▸ **About this task**: An image-free, word-for-word version of the records below is to be returned.

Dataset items
----

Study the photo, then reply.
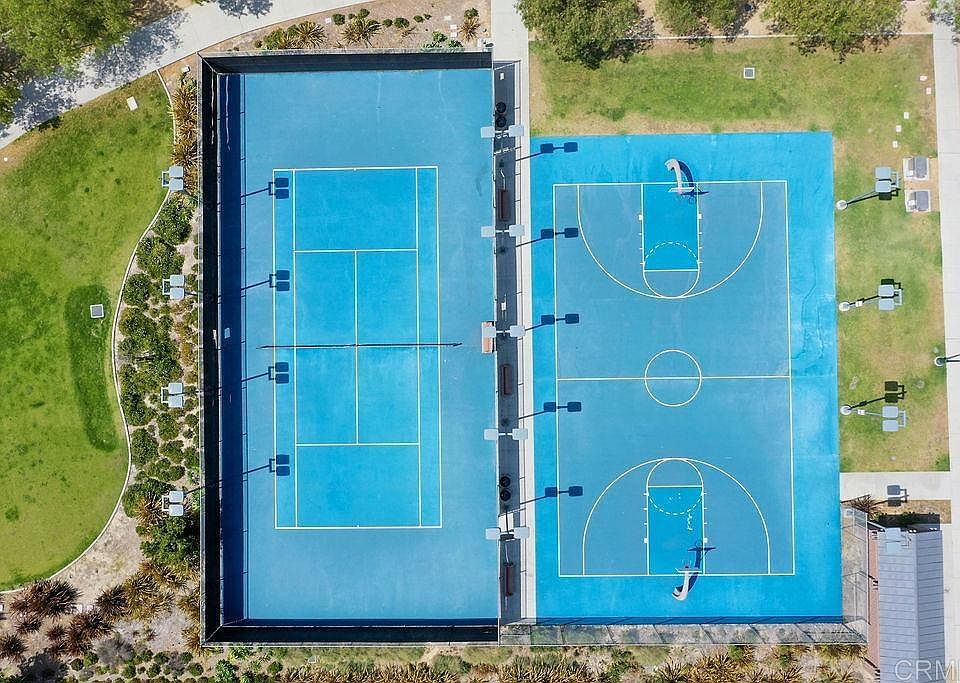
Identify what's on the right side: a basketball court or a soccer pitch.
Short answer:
basketball court
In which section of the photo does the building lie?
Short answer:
bottom right
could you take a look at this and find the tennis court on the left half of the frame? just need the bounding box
[222,67,501,627]
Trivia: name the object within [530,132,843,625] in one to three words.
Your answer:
basketball court
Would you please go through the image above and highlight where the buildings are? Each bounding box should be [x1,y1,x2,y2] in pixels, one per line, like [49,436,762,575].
[866,521,947,683]
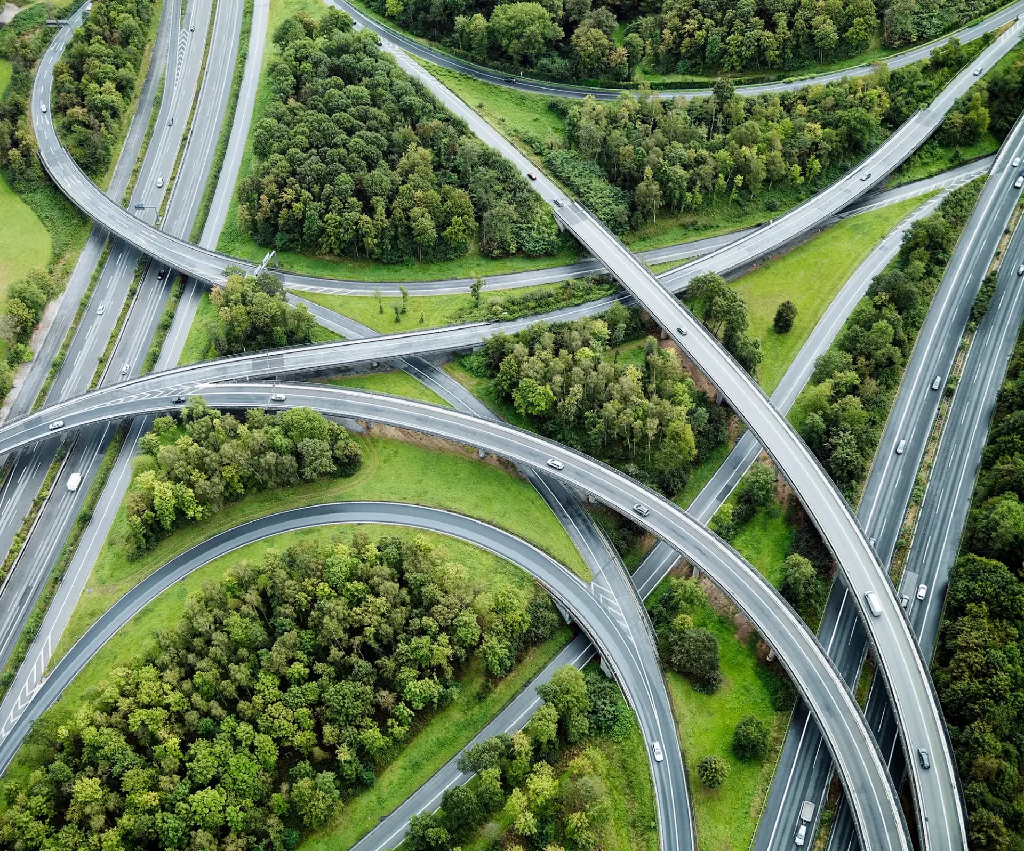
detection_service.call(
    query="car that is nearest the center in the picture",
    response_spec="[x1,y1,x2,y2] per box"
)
[546,458,565,470]
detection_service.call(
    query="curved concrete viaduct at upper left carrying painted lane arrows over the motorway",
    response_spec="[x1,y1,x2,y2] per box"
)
[41,145,244,286]
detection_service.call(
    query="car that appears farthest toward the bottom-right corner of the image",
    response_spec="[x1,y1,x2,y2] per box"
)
[918,748,931,770]
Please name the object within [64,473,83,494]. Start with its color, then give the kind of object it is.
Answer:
white vehicle
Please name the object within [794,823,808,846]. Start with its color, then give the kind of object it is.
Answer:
white car
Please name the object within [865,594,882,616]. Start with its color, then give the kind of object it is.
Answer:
white vehicle
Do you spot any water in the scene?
No
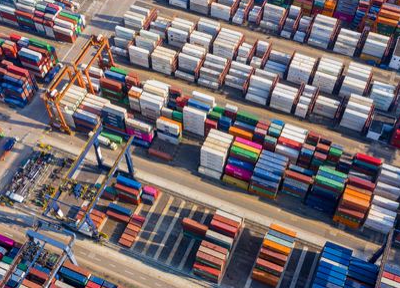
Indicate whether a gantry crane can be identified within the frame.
Yes
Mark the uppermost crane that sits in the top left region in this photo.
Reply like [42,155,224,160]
[69,34,115,87]
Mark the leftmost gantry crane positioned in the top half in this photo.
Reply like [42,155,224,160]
[40,66,90,128]
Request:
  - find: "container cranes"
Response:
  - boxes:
[0,220,82,288]
[69,34,115,87]
[366,227,400,288]
[40,66,90,128]
[43,127,137,239]
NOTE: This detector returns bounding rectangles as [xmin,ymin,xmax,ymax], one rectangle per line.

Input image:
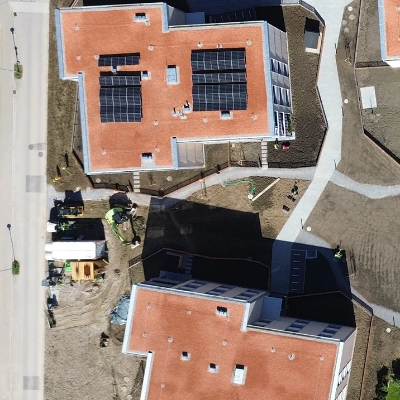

----

▸ **Result**:
Study the photo, then reply.
Identify what's on the right side: a basketball court or a soccer pitch.
Short answer:
basketball court
In which section of the photo does the building lie?
Short answer:
bottom right
could you take a look at this and find the tennis court on the left half of the frame? just need the bounding box
[222,67,501,627]
Trivia: name the object within [530,132,843,625] in one to three words.
Your answer:
basketball court
Would you please go through the image above and highlight where the buildings are? Each bounding box should be [x1,y1,x2,y2] in pixels, one per line, like [49,436,762,575].
[866,521,947,683]
detection_service.call(
    query="car that is nearest the center in the picture",
    response_spec="[x1,y1,x2,y2] per box"
)
[546,458,565,470]
detection_service.call(
    query="curved concrete viaduct at upper left carrying painted lane arrows over the motorway",
    response_spec="[x1,y1,x2,y2] per box"
)
[41,145,244,286]
detection_service.call(
    query="car that appears farthest toward the bottom-right corner of the image",
    response_spec="[x1,y1,x2,y2] per box"
)
[918,748,931,770]
Please name the object within [64,473,83,494]. Start with its color, then give the kind of object it is.
Answer:
white vehicle
Please name the object within [794,823,808,846]. Start with its color, then give the kind of object it is.
Answer:
white car
Please name the object within [865,594,882,616]. Start with its color, then give the kind of object it is.
Answer:
white vehicle
Do you spot any water in the scene?
No
Indicate whether a gantry crane can be identified within the frame.
Yes
Mark the uppermost crane that sits in the top left region in this photo.
Reply like [42,155,224,160]
[69,34,115,87]
Mark the leftmost gantry crane positioned in the top half in this photo.
Reply like [42,155,224,160]
[40,66,90,128]
Request:
  - find: "container cranes"
Response:
  - boxes:
[0,220,82,288]
[69,34,115,87]
[366,227,400,288]
[40,66,90,128]
[43,127,137,239]
NOTE: This detector returns bounding rectangles as [xmin,ymin,xmax,ymax], one rectangle per line.

Input image:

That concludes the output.